## What to work on
Nothing but an exact copy of the records is expected here.

Dataset entries

= Beginning of Section =

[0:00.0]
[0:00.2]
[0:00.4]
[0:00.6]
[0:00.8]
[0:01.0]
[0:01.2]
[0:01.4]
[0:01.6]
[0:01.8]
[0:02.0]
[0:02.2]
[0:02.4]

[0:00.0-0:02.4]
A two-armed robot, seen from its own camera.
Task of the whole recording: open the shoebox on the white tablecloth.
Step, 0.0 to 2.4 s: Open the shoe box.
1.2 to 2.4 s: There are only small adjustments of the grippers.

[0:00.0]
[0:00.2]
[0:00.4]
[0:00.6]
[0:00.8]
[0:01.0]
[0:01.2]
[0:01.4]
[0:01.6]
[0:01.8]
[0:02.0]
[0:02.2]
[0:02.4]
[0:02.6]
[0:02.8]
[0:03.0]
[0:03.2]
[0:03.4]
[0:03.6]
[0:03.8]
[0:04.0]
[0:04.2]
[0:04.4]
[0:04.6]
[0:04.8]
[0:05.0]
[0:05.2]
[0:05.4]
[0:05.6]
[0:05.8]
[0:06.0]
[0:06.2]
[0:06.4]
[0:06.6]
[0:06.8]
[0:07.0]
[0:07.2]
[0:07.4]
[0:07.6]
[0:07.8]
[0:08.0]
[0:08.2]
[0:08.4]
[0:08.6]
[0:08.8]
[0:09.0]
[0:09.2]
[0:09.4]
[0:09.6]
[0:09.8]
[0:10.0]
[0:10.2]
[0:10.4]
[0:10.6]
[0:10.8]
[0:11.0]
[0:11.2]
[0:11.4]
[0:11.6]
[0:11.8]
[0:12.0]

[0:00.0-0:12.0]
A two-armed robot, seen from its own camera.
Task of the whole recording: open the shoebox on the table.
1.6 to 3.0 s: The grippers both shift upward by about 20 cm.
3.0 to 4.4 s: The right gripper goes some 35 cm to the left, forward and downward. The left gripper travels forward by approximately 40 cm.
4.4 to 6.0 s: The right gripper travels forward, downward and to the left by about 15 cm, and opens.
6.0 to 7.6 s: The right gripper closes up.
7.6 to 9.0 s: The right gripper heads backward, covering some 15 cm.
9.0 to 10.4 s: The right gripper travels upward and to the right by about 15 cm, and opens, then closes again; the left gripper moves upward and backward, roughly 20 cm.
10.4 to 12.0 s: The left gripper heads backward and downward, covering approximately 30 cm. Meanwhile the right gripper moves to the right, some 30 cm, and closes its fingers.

= End of Section =

## Solution to this exercise
[0:00.0]
[0:00.2]
[0:00.4]
[0:00.6]
[0:00.8]
[0:01.0]
[0:01.2]
[0:01.4]
[0:01.6]
[0:01.8]
[0:02.0]
[0:02.2]
[0:02.4]

[0:00.0-0:02.4]
A two-armed robot, seen from its own camera.
Task of the whole recording: open the shoebox on the white tablecloth.
Step, 0.0 to 2.4 s: Open the shoe box.
1.2 to 2.4 s: There are only small adjustments of the grippers.

[0:00.0]
[0:00.2]
[0:00.4]
[0:00.6]
[0:00.8]
[0:01.0]
[0:01.2]
[0:01.4]
[0:01.6]
[0:01.8]
[0:02.0]
[0:02.2]
[0:02.4]
[0:02.6]
[0:02.8]
[0:03.0]
[0:03.2]
[0:03.4]
[0:03.6]
[0:03.8]
[0:04.0]
[0:04.2]
[0:04.4]
[0:04.6]
[0:04.8]
[0:05.0]
[0:05.2]
[0:05.4]
[0:05.6]
[0:05.8]
[0:06.0]
[0:06.2]
[0:06.4]
[0:06.6]
[0:06.8]
[0:07.0]
[0:07.2]
[0:07.4]
[0:07.6]
[0:07.8]
[0:08.0]
[0:08.2]
[0:08.4]
[0:08.6]
[0:08.8]
[0:09.0]
[0:09.2]
[0:09.4]
[0:09.6]
[0:09.8]
[0:10.0]
[0:10.2]
[0:10.4]
[0:10.6]
[0:10.8]
[0:11.0]
[0:11.2]
[0:11.4]
[0:11.6]
[0:11.8]
[0:12.0]

[0:00.0-0:12.0]
A two-armed robot, seen from its own camera.
Task of the whole recording: open the shoebox on the table.
1.6 to 3.0 s: The grippers both shift upward by about 20 cm.
3.0 to 4.4 s: The right gripper goes some 35 cm to the left, forward and downward. The left gripper travels forward by approximately 40 cm.
4.4 to 6.0 s: The right gripper travels forward, downward and to the left by about 15 cm, and opens.
6.0 to 7.6 s: The right gripper closes up.
7.6 to 9.0 s: The right gripper heads backward, covering some 15 cm.
9.0 to 10.4 s: The right gripper travels upward and to the right by about 15 cm, and opens, then closes again; the left gripper moves upward and backward, roughly 20 cm.
10.4 to 12.0 s: The left gripper heads backward and downward, covering approximately 30 cm. Meanwhile the right gripper moves to the right, some 30 cm, and closes its fingers.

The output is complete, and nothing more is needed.